Prenatal vitamins, also known as prenatal supplements, are vitamin and mineral supplements intended to be taken before and during pregnancy and during postnatal lactation. Although not intended to replace a healthy diet, prenatal vitamins provide women of childbearing age with nutrients recognized by various health organizations including the American Dietetic Association as helpful for a healthy pregnancy outcome. It may be appropriate to start taking prenatal vitamins once the woman enters childbearing age, however if a person is not pregnant or planning to become pregnant the Mayo Clinic does not recommend taking these supplements. Prenatal vitamins are similar to other multivitamins but do contain different amounts of specific nutrients to better suit the needs of an expecting mother.

==Customizations==
Vitamins and minerals such as folic acid, calcium, and iron are in higher concentrations, while nutrients such as vitamin A are reduced to reflect the current understanding of the role that these compounds play in fetal development.

The increased dosage of folic acid or folates reflects the American Dietetic Associations position that women should consume "400 μg per day of synthetic folic acid from fortified foods (cereals and other grains), supplements or both, in addition to consuming folate from foods in a varied diet." Taking the appropriate amount of folic acid before conception can reduce or prevent the incidence of neural tube defects by as much as 70%. The recommendation to start folic acid before conception is supported by a meta-analysis of 41 studies, but is beneficial after conception as well.

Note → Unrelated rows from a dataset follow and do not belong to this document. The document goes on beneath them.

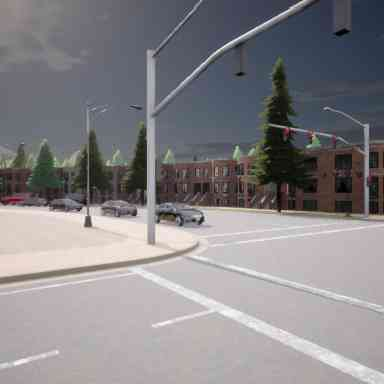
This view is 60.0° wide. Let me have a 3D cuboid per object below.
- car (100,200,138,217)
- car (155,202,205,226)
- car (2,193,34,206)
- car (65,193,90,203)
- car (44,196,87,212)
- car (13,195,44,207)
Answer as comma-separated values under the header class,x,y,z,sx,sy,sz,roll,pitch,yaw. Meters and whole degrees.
class,x,y,z,sx,sy,sz,roll,pitch,yaw
car,-6.837,1.504,30.901,1.837,1.490,4.892,0,0,-40
car,-1.072,1.492,23.352,2.128,1.511,4.902,0,0,-36
car,-29.038,1.221,55.918,5.566,2.045,2.150,0,0,10
car,-18.919,1.221,52.865,5.566,2.045,2.150,0,0,23
car,-14.587,1.506,38.391,4.892,1.490,1.837,0,0,35
car,-24.176,1.547,51.132,5.357,1.411,2.033,0,0,17

Often prenatal vitamins also have a reduced dosage of vitamins that may be detrimental to the fetus when taken in high doses (such as vitamin A).

Many prenatal manufacturers have chosen to include the omega-3 fatty acid, docosahexaenoic acid (DHA) in their product, either as an ingredient in the formula or as a complementary softgel. Although explicitly in many formulas to support neural development, the omega-3 fatty acids are used by both mother and fetus to create the phospholipid bilayer that makes up cell membranes.

L-arginine has tentative evidence of benefit in reducing intrauterine growth restriction.

==Side effects==
Many women have difficulty tolerating prenatal vitamins or experience constipation as a result of the high iron content. Due to tolerance challenges, the prenatal vitamin industry has developed a multitude of dosage forms to meet the needs and tolerances of expecting mothers. The most common form of prenatal vitamin is the compressed tablet, which is available through all channels and at various quality levels. Category leaders utilize this as the dosage form of choice. Other organizations within the category offer products in a variety of dosage forms such as liquids, prenatal vitamin soft chews, vitamin chewables, and even jellied prenatal vitamins.

==Availability==
Prenatal vitamins are available both over the counter in retail stores as well as by prescription from medical professionals. Although prescription vitamins are often covered by insurance, the relative potency of prescription-grade products is typically not significantly different from that available through retail. Differences in prescription versus retail vitamins do, however, exist in consistency and quality level, as well as the relative bioavailability of some specific ingredients. For example, many prescription prenatal vitamins will contain a more bioavailable form of folate, 5-methyltetrahydrofolate (5-MTHF). Doses of folic acid over 1 mg are prescription only. The amount of non-prescription prenatal vitamins needed to achieve this dose may have too much vitamin A and lead to fetal toxicity.

In addition, the U.S. Army currently provides female soldiers with optional prenatal supplements to combat high anemia rates in female soldiers.